I am wrongfully judged all the time. How should I handle guys who judge me?

I feel like every time I meet a guy I like he always things wrong of me. Most of these guys don't even take the time to get to know me and I don't know what they judge me from because I don't use social media and I keep to myself a lot. It takes me time before I feel comfortable with someone to open up, and most of the time guys prefer texting over real dates, so I guess they judge me through texting.

I find it really hurtful. For example one guy told me he stopped talking to me because he knows that I'm the type of girl who would leave him in 10 years. One guy I was seeing cut me off before I went on a vacation and when I confronted him about it he said "well you were going on vacation I'm sure you were going to sleep with a bunch of guys anyway".

Other guys judged me saying they were looking for a serious relationship and I don't seem like I'd be a good caregiver.

These are just some examples. In reality, I'd be a great mother if I ever had to be. I've had lots of pets who all lived past their age expectancy and were very well taken care of (even my Vets were impressed with how well I took care of my furry & feathery babies).

I'm very loyal and I would never cheat. I would never leave anyone without trying really hard to make it work first (unless if it was cheating, I couldn't forgive someone who cheats on me or does something equally as bad such as emotional/physical abuse).

I don't sleep around. So even though I travel a lot that doesn't mean I'll take a guy home or go home with a guy. That has never happened!

So now I'm talking to a guy I really like and he made a comment that was rather hurtful and judgmental.. and I'm thinking, how do I handle this? Should I say something to him? This time I defended myself, but I feel like it sounds fake. Like I just said what I said to make myself seem good to him.


Most Helpful Guy

  • Sometimes in life you need to weed through a lot of "no's" (guys that are no good for you) before you find the "Yes" (a guy that doesn't judge you like that and treats you well)

    Where are you meeting these guys?

    • I meet them all very randomly... the guy who told me I would leave him in 10 years was someone I used to work with. The guy I'm talking to now I met while on vacation in another city. Every time it's been quite different...

    • I know you said you're not much of a social media person, but have you considered trying online dating on one of the match sites that's geared more towards serious relationships than short-term hookups?
      This way you might be more likely to meet guys who are looking for the same kind of relationship that you want?
      Might be a worthwhile investment, at least to give it a try :-)

What Guys Said 3

  • You are just fishing in a pond filled with stupid fish.
    You sound great ! Just be yourself.
    Maybe look at how you get your guys and try something else.

  • Traveling would be a big problem for me.

    • Why? I travel 2 to 3 times a year... not sure why it's a problem?

    • Show All
    • It is hard on families to travel with each other as well. @asker They have lives you know. They have jobs and school. Their lives don't revolve around yours. It has to be a team thing. They probably won't go with you to another country and it would be hard on the family.

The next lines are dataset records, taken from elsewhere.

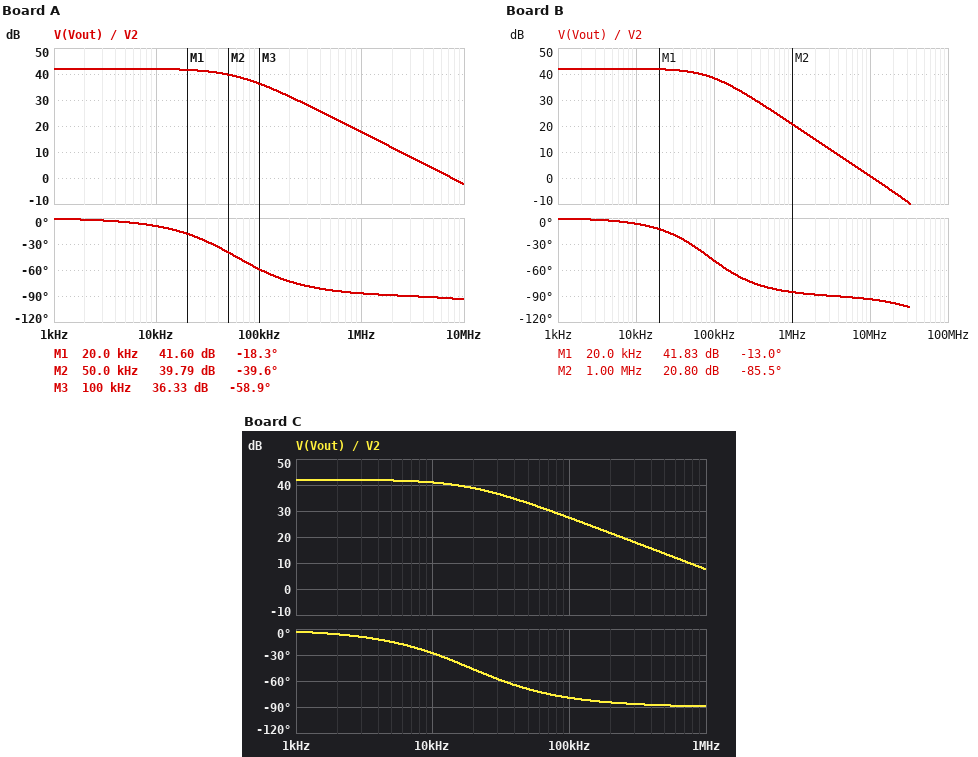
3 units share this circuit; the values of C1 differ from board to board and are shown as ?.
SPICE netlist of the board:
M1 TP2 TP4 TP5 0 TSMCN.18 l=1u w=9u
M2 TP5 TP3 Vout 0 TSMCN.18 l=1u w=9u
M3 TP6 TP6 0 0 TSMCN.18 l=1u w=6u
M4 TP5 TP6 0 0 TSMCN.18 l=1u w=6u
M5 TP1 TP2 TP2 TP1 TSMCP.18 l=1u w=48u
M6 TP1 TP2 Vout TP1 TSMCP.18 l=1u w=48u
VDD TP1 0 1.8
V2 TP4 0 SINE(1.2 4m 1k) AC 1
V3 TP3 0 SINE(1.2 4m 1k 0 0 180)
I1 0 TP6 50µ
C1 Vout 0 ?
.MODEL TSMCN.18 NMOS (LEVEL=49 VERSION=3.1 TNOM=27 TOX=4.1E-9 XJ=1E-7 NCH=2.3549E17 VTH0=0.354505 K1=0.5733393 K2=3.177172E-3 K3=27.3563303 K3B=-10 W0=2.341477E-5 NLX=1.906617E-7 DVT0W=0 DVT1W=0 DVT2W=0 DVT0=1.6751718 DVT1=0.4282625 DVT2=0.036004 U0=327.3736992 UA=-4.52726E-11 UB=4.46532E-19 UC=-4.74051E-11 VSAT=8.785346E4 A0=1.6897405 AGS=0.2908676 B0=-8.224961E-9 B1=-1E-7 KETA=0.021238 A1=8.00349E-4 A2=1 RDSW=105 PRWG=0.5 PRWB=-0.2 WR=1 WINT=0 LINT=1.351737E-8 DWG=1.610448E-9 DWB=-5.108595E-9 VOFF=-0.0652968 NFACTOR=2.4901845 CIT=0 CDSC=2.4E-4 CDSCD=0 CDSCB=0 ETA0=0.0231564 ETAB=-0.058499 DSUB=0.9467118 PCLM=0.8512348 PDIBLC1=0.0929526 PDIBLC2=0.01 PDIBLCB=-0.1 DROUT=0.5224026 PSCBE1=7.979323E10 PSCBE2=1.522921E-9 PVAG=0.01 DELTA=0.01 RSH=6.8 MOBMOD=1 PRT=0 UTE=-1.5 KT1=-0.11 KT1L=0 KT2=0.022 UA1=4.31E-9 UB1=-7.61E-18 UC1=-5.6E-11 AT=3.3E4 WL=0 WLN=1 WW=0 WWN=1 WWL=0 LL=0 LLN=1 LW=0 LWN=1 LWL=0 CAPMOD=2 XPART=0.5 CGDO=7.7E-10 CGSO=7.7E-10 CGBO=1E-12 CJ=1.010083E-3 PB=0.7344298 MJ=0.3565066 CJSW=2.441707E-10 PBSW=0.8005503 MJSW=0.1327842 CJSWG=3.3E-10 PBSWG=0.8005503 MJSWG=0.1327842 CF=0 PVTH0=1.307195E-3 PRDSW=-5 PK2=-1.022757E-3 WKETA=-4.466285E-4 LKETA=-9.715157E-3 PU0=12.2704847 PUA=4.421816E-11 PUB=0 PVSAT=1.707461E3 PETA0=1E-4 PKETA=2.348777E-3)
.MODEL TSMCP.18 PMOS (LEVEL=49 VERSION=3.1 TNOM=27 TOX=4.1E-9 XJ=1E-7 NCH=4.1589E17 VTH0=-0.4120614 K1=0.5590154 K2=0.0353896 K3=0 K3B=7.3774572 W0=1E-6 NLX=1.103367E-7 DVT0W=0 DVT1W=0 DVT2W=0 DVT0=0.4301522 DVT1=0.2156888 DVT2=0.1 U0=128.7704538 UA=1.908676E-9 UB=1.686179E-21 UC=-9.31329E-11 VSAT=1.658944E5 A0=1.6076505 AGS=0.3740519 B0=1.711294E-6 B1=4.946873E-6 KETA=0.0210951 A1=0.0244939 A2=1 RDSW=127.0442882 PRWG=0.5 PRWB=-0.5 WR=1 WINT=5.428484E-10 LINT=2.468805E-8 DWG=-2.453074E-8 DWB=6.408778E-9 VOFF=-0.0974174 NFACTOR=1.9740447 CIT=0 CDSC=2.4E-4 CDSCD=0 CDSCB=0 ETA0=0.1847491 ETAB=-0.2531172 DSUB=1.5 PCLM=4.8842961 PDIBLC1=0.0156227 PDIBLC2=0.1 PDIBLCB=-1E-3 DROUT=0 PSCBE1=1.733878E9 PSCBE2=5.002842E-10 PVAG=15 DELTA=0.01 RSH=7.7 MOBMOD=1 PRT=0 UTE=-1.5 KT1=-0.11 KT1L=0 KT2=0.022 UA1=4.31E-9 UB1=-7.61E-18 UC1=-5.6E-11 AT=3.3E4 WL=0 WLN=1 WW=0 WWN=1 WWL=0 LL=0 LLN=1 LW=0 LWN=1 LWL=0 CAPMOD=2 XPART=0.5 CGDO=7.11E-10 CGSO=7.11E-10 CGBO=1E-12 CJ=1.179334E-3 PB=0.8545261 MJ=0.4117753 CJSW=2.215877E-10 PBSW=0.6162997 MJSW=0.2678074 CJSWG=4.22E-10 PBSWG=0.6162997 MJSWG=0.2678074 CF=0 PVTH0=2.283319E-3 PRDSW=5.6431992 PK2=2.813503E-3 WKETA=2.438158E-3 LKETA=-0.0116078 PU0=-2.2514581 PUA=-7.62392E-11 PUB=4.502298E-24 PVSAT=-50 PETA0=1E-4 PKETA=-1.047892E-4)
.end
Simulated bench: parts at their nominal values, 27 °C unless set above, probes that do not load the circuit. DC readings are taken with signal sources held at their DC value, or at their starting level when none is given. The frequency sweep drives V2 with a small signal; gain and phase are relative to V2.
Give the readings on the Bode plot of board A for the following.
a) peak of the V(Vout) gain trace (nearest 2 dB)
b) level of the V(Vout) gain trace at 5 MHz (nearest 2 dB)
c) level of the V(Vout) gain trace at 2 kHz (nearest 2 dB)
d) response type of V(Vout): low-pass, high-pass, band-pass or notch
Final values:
42 dB
4 dB
42 dB
low-pass
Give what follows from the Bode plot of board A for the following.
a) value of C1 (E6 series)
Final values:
6.8 pF
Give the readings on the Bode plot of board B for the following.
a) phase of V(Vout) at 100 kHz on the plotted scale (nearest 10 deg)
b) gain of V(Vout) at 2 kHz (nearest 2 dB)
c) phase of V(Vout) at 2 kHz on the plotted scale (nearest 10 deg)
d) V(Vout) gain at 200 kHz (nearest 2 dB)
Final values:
-50 deg
42 dB
0 deg
34 dB
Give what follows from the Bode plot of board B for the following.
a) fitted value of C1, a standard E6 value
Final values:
4.7 pF
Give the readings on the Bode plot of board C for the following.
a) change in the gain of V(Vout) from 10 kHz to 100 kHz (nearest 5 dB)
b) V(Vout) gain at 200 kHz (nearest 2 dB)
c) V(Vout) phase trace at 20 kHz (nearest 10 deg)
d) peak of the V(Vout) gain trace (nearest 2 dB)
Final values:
-15 dB
22 dB
-50 deg
42 dB
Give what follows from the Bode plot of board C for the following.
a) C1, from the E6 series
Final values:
22 pF

    • I think you are getting too narrow-minded about this. You are talking as though I would behave the same way when I am married with children as I am now. This is what I mean about people being too judgmental. I wouldn't get married and have children if I wasn't ready to. And being ready means that I understand I would need to adjust my lifestyle to have a family. Meaning traveling less, and going to places that are suitable for children, and going somewhere my partner would also want to go to, and choosing a time that is convenient for everyone. This is what I'm talking about.. people making assumptions...

  • Everyone gets wrongfully judged all the time. Get used to it.